De modo geral, percebeu-se que as crianças atingiram uma criticidade perante o tema
Educação Ambiental, os atos de degradação/preservação tornaram-se assuntos debatidos
diariamente em suas brincadeiras. Ocorreu uma visão interiorizada e interdisciplinar no contexto
educacional e ambiental, logo, o ensino ultrapassou as barreiras físicas da sala de aula,
alcançando as famílias destas crianças, bem como, a comunidade moradora fixa da Praia do
Cassino que possui contato com as mesmas.

REFERÊNCIAS BIBLIOGRÁFICAS

ALVES, R.A. 1994. A alegria de ensinar. 6. ed. São Paulo : Ars Poética, 103p.

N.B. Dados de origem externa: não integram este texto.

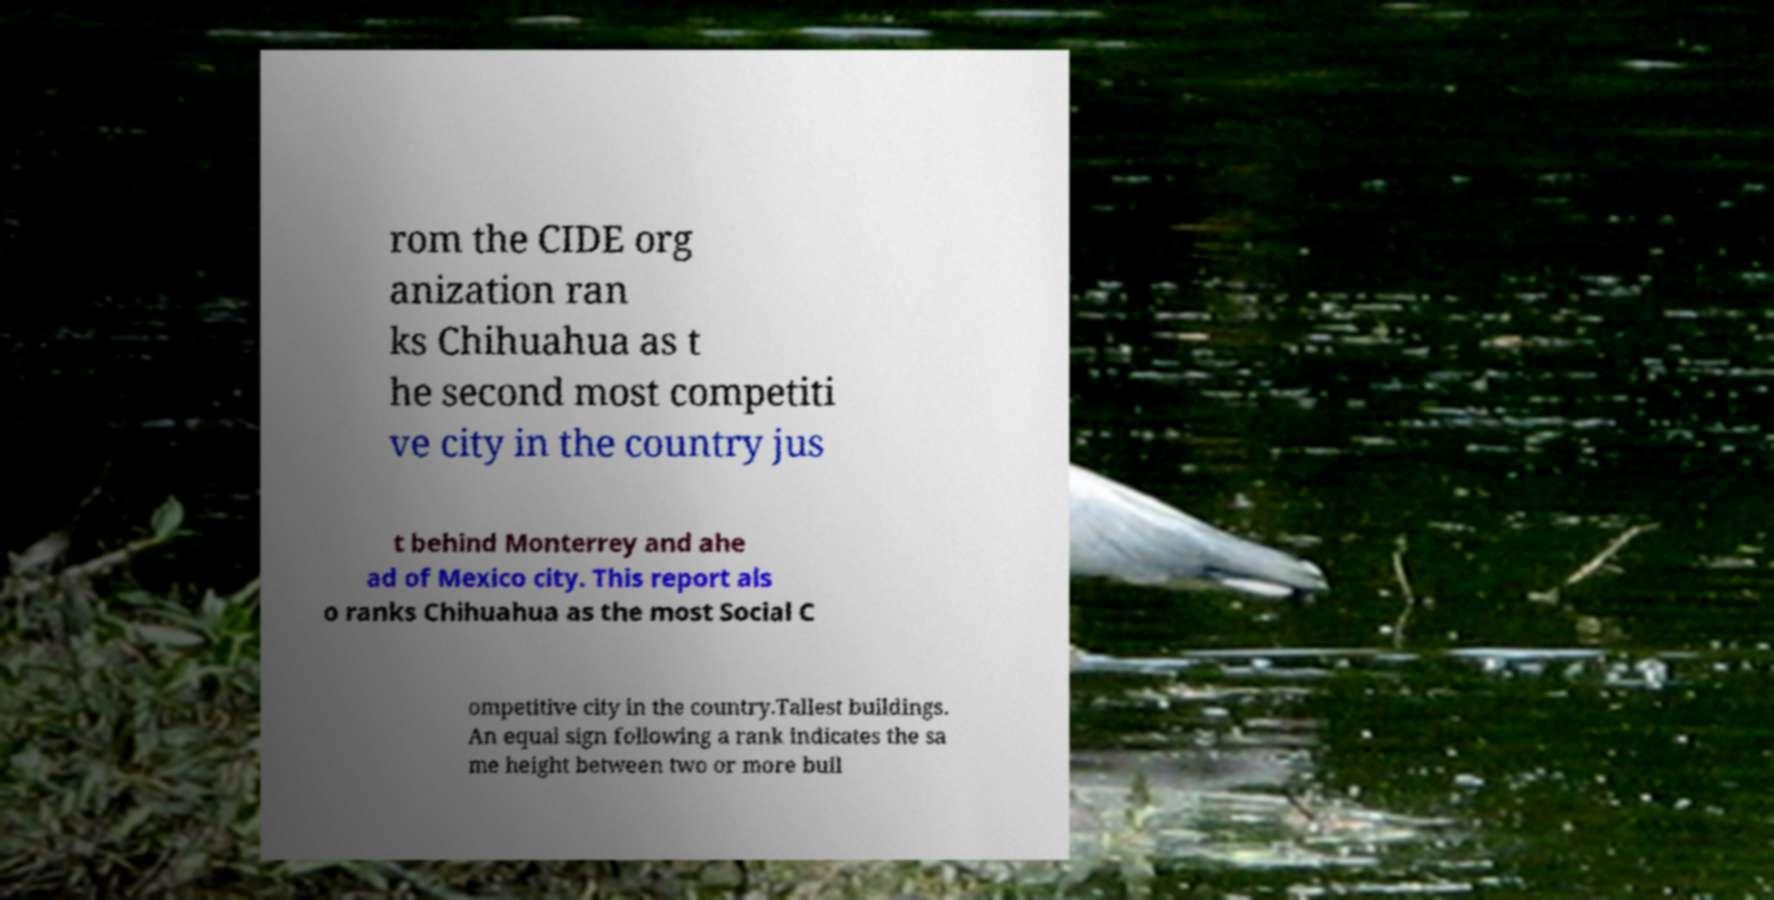Can you read and provide the text displayed in the image?This photo seems to have some interesting text. Can you extract and type it out for me? rom the CIDE org anization ran ks Chihuahua as t he second most competiti ve city in the country jus t behind Monterrey and ahe ad of Mexico city. This report als o ranks Chihuahua as the most Social C ompetitive city in the country.Tallest buildings. An equal sign following a rank indicates the sa me height between two or more buil

ANTUNES, C. 2000. Jogos para a estimulação das múltiplas inteligências. 8. ed. Petrópolis :
Editora Vozes, 295p.
DELGADO, A.C.C. (org.) 2005. Crianças pequenas: a arte de combinar razões afetos e emoções.
Rio Grande : Editora e Gráfica da FURG, 118p.
LIMA, A.F.S.O.1998. Pré-escola e alfabetização. 10. ed. Petrópolis : Editora Vozes, 227p.
PIAGET, J. 1973. A linguagem e o pensamento da criança - Importância das crianças
conversarem entre si. Fundo da Cultura, 79p.
PIAGET, J. 1975. A equilibração das estruturas cognitivas. Rio de Janeiro : Ed. Zahar.
PIAGET, J. 1996. Biologia e Conhecimento. 2. ed. Petrópolis : Editora. Vozes.
VOOREN, C.M. & ILHA, H.H. 1995. Guia das aves mais comuns da costa do Rio Grande do Sul.
Rio Grande, FURG Projeto Asas Polares v. 2, 23p.
VYGOTSKY, L.S. 1989. Pensamento e linguagem. 2. ed. São Paulo : Editora Martins Fontes.